Памяти Григория Мачтета
Владимир Михайлович Шулятиков
«…элемент, который отличал произведения Мачтета от повестей и романов шестидесятых-семидесятых годов – это элемент «чудес». В поисках за романтическими сюжетами Мачтет обращался иногда к легендам и героическим сказаниям. Он воспользовался, например, малороссийским сказанием о казаке, который был отправлен своими товарищами известить Запорожскую Сечь о постигшей их беде, но на пути поддался чарам прекрасной ведьмы, и за свою слабость осужден был не находить покоя в могиле до тех пор, пока кто-нибудь другой, прельстившись красотой ведьмы, не снимет с него чар. Из этого сказания Мачтет создал истинную поэму в прозе…»
Владимир Шулятиков
Памяти Григория Мачтета
«Было это в начале семидесятых годов… Мы верили в будущее, в свой народ и умели любить его… Мы учились, набирались знаний, твердо сознавая, для чего это нам нужно, и, обладая ясно намеченной целью, отбрасывали, как ненужное все, что не соответствовало и не служило прямо и непосредственно этой цели… Все мы думали учиться жить простой, трудовой, мужичьей жизнью, где нет места культурным привычкам… Мы отказывались от посещения театров, отрицали занятия художествами, ничем не служившими нашей цели, иронизировали над поэзией… Мы заслуживали кличку «ригористы»…

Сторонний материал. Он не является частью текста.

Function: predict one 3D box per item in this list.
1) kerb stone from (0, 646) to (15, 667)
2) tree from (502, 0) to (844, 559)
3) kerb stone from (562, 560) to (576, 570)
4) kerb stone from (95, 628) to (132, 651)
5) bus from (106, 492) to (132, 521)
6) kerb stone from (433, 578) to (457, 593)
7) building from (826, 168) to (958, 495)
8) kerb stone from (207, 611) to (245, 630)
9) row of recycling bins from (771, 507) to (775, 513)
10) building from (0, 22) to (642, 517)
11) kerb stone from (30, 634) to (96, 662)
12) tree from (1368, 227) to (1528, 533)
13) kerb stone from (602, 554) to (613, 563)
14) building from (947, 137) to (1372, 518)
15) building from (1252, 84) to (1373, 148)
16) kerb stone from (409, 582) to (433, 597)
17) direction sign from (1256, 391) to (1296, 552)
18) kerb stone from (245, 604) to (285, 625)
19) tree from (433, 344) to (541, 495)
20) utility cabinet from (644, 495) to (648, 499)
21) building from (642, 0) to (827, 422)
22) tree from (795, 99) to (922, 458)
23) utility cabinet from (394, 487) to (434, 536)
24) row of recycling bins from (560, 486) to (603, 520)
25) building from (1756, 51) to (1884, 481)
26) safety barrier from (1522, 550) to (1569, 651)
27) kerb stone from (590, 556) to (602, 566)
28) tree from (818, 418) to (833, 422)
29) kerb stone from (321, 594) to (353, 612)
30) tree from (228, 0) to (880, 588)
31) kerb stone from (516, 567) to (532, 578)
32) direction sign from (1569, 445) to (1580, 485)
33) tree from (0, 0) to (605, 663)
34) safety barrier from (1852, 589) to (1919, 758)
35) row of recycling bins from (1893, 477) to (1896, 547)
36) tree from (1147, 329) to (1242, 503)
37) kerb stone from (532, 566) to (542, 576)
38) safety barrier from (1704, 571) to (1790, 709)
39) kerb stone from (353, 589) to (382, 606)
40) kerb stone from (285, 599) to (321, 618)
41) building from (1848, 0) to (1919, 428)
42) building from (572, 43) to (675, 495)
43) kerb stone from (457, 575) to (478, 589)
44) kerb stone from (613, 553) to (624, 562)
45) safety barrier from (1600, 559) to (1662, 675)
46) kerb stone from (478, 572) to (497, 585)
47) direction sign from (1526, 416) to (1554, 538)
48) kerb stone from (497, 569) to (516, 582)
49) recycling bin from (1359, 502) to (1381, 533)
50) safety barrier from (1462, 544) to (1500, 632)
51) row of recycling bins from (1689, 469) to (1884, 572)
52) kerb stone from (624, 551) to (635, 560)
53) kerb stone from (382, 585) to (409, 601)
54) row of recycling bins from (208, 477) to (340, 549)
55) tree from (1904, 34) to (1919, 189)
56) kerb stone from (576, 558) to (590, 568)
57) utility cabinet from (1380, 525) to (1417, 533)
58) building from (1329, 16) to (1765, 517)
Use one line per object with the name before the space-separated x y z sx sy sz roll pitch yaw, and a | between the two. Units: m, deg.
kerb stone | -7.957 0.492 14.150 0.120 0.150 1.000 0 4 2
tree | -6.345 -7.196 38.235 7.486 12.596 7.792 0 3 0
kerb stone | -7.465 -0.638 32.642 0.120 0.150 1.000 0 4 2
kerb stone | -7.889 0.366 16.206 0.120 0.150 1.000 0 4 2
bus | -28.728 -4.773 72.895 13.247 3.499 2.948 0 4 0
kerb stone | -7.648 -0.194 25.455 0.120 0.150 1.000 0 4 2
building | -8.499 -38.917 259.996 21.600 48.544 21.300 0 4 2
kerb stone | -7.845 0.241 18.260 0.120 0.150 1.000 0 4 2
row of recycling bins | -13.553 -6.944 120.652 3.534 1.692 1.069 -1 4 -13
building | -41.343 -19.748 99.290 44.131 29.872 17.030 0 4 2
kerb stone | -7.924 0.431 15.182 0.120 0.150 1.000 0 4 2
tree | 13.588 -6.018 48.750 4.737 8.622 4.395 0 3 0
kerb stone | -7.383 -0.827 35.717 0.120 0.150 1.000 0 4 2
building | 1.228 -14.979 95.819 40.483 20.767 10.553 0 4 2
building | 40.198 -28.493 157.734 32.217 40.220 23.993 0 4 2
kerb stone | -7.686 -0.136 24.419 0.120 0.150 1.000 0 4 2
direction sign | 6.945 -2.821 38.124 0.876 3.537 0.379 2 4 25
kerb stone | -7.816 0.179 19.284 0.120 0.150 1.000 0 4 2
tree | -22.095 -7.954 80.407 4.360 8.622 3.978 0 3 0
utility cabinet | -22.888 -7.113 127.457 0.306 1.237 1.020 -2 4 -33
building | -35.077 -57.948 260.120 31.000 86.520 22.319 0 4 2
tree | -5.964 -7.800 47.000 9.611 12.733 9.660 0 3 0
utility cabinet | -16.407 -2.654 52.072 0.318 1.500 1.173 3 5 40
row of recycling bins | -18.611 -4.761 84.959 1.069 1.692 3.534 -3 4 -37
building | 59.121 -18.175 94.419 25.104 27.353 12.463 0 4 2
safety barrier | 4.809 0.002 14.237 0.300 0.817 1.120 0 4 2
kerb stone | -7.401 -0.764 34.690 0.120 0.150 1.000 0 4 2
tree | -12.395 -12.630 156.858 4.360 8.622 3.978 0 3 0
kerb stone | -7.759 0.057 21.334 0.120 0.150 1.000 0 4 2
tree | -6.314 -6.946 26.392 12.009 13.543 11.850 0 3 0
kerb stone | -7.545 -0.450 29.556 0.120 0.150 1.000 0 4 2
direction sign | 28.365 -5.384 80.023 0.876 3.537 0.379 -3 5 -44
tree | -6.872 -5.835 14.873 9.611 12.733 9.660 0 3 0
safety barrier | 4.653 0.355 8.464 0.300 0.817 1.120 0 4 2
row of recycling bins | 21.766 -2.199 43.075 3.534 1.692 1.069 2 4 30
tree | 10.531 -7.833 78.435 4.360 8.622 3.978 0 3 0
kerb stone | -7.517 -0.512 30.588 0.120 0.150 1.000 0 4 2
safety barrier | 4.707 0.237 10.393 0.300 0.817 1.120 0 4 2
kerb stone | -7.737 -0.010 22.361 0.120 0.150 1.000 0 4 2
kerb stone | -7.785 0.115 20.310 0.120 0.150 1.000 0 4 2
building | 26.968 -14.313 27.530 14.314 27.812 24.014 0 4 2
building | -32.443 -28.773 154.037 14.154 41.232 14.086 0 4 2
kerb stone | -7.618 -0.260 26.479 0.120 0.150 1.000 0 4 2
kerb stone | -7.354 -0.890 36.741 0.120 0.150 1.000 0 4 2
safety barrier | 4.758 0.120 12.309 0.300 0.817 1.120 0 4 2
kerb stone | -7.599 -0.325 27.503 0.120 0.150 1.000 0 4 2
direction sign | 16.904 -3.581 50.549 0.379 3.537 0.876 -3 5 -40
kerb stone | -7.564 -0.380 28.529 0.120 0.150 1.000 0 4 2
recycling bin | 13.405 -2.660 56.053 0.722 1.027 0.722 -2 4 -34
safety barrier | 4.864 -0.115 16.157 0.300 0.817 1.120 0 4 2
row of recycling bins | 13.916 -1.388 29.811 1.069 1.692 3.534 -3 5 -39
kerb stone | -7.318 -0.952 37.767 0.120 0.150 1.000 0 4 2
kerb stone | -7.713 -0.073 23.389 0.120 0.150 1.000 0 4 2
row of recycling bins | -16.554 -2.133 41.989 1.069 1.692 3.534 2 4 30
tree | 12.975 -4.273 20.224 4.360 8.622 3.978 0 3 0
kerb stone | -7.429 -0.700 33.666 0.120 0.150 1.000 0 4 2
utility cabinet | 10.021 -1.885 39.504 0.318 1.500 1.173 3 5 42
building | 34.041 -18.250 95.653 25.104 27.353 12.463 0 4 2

Так вспоминает о днях своей ранней молодости герой одного из рассказов Григория Мачтета. Но сделавши общую характеристику «риторического» настроения, охватившего тогда передовую интеллигенцию, герой этого рассказа спешит признаться, что сам он, до некоторой степени является исключением из общего правила. Правда, он «шел за всеми», стремился к тому, чтобы «раствориться в народной массе», зажить «простой, трудовой, мужичьей жизнью», но в то же время он не был «цельным», прямолинейным ригористом. «Я исповедовал то же, что и мои друзья, – говорит он, – я готовился к тому же, что и они, но на дне моего сундука таились несомненные доказательства немощи плоти»: на дне его сундука лежали целые груды рукописей; герой рассказа Мачтета чувствовал в себе страсть к изящной литературе, к творчеству в области беллетристического вымысла. Он стыдился этой страсти, занимался писанием романов и повестей украдкой, и тщательно прятал от всех людей плоды своей творческой работы. Но страсть «превознемогла его волю»; «немощь плоти» торжествовала над ригоризмом; мачтетовский герой принужден был отказаться от мечты раствориться в народной массе и зажить мужичьей, простой жизнью, принужден был отдаться во власть «культурной привычке».
В толпе своих сверстников он оказался «новым человеком, старавшимся сочетать народнические стремления с требованиями повышенной «культурности».
Таким же «новым» человеком для своих сверстников был и сам Мачтет. Подобно герою своего рассказа, он воспитывался и развивался духовно в школе народнического ригоризма. Подобно своему герою, он «шел вместе со всеми»; подобно своему герою, он жаждал служить определенной цели; более того, он доказал на деле, насколько сильна была в нем эта жажда. И в то же время он не был «прямолинейным» ригористом, не отрекался решительно и бесповоротно от «культурных привычек».
Напротив, он был одним из пионеров того «нового» движения интеллигенции, которое признало права гражданства за многими «культурными привычками», которое не могло примириться с идеей духовного «воздержания»; реабилитировало «страсть» к поэтическому творчеству, старалось воскресить культ «красоты», преданный презрению прогрессистами шестидесятых-семидесятых годов. Он был очень видным деятелем наступившей, в дни его молодости, реставрации романтического идеализма, был кровным сыном той семьи писателей, которая имела ярких выразителей своих стремлений и дум в лице таких художников слова, как Владимир Короленко и Надсон.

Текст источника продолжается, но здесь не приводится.